START SOURCE RECORDS
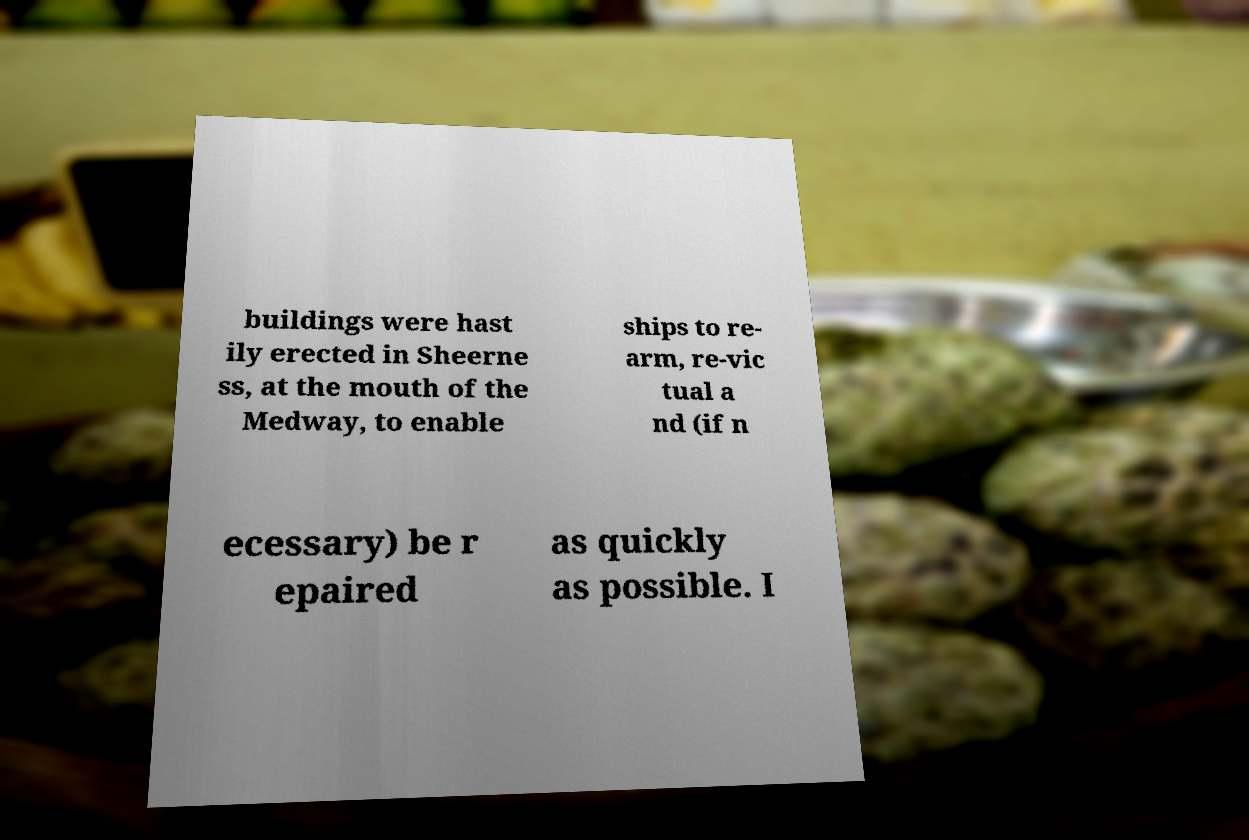Please identify and transcribe the text found in this image. buildings were hast ily erected in Sheerne ss, at the mouth of the Medway, to enable ships to re- arm, re-vic tual a nd (if n ecessary) be r epaired as quickly as possible. I 
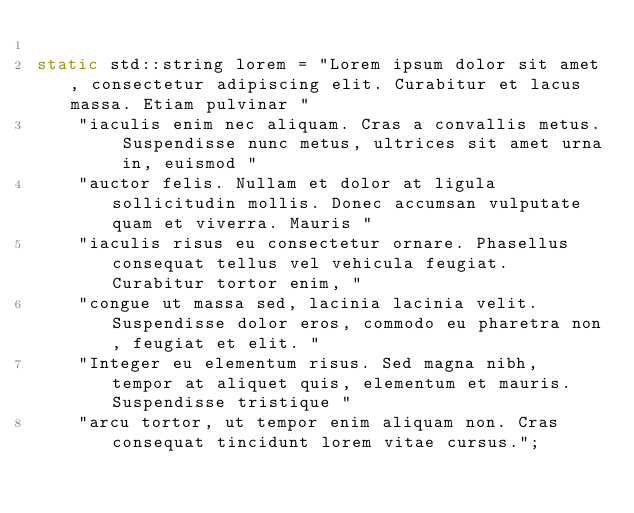Convert code to text. <code><loc_0><loc_0><loc_500><loc_500><_C++_>
static std::string lorem = "Lorem ipsum dolor sit amet, consectetur adipiscing elit. Curabitur et lacus massa. Etiam pulvinar "
    "iaculis enim nec aliquam. Cras a convallis metus. Suspendisse nunc metus, ultrices sit amet urna in, euismod "
    "auctor felis. Nullam et dolor at ligula sollicitudin mollis. Donec accumsan vulputate quam et viverra. Mauris "
    "iaculis risus eu consectetur ornare. Phasellus consequat tellus vel vehicula feugiat. Curabitur tortor enim, "
    "congue ut massa sed, lacinia lacinia velit. Suspendisse dolor eros, commodo eu pharetra non, feugiat et elit. "
    "Integer eu elementum risus. Sed magna nibh, tempor at aliquet quis, elementum et mauris. Suspendisse tristique "
    "arcu tortor, ut tempor enim aliquam non. Cras consequat tincidunt lorem vitae cursus.";
</code> 
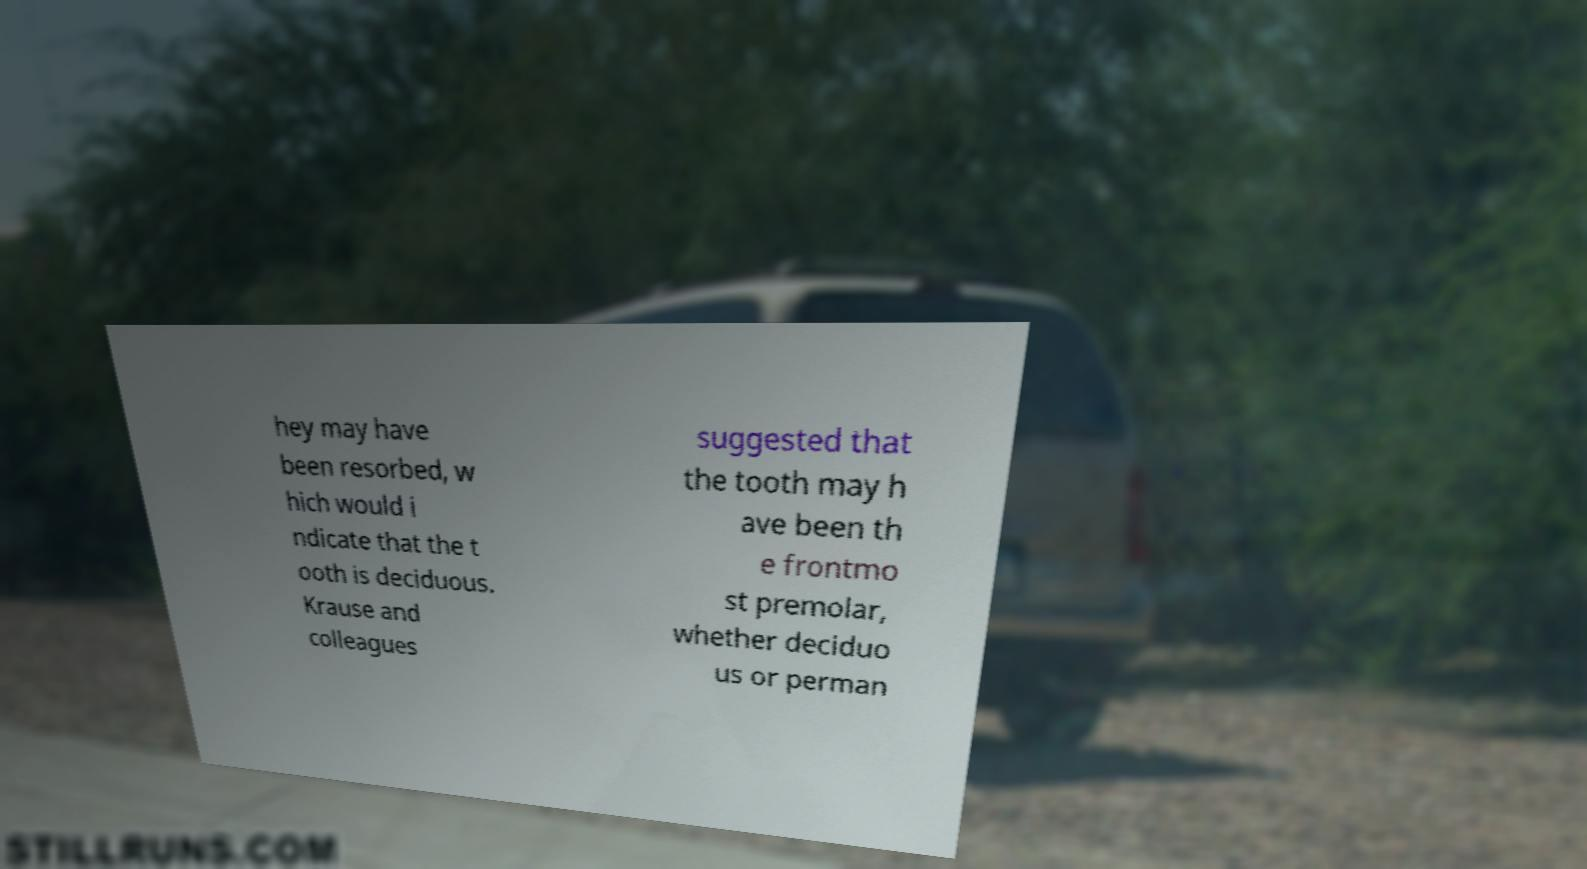Could you assist in decoding the text presented in this image and type it out clearly? hey may have been resorbed, w hich would i ndicate that the t ooth is deciduous. Krause and colleagues suggested that the tooth may h ave been th e frontmo st premolar, whether deciduo us or perman 
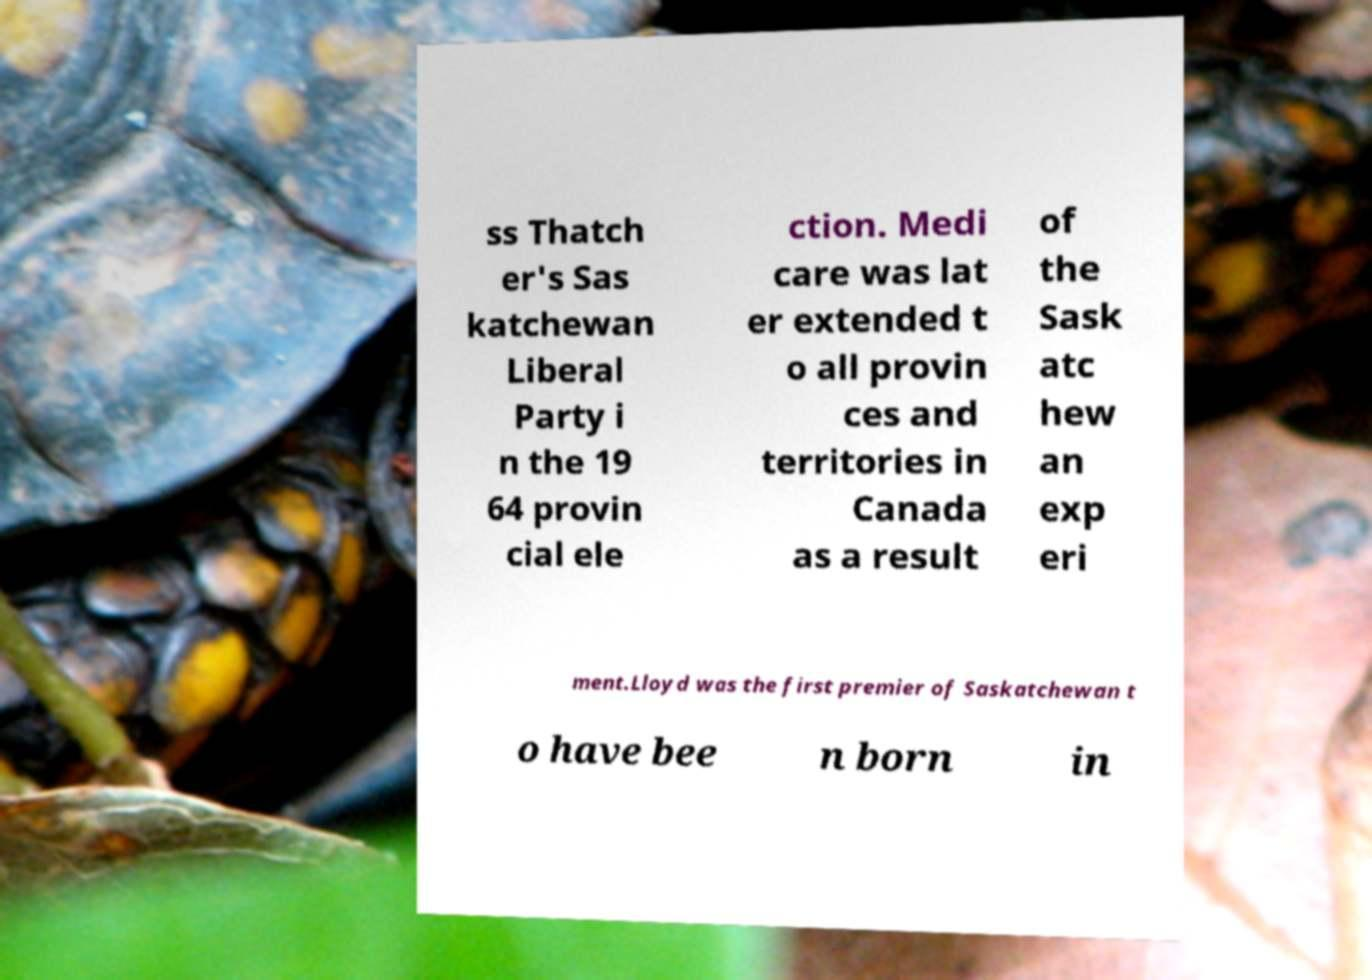There's text embedded in this image that I need extracted. Can you transcribe it verbatim? ss Thatch er's Sas katchewan Liberal Party i n the 19 64 provin cial ele ction. Medi care was lat er extended t o all provin ces and territories in Canada as a result of the Sask atc hew an exp eri ment.Lloyd was the first premier of Saskatchewan t o have bee n born in
END SOURCE RECORDS
● TASK GOAL:
Skip the pictures and restate exactly the lines from the beginning of the listing to the line with "static std::string lorem", that line included.

● EXERCISE OUTPUT:
Please identify and transcribe the text found in this image. buildings were hast ily erected in Sheerne ss, at the mouth of the Medway, to enable ships to re- arm, re-vic tual a nd (if n ecessary) be r epaired as quickly as possible. I 
Convert code to text. <code><loc_0><loc_0><loc_500><loc_500><_C++_>
static std::string lorem = "Lorem ipsum dolor sit amet, consectetur adipiscing elit. Curabitur et lacus massa. Etiam pulvinar "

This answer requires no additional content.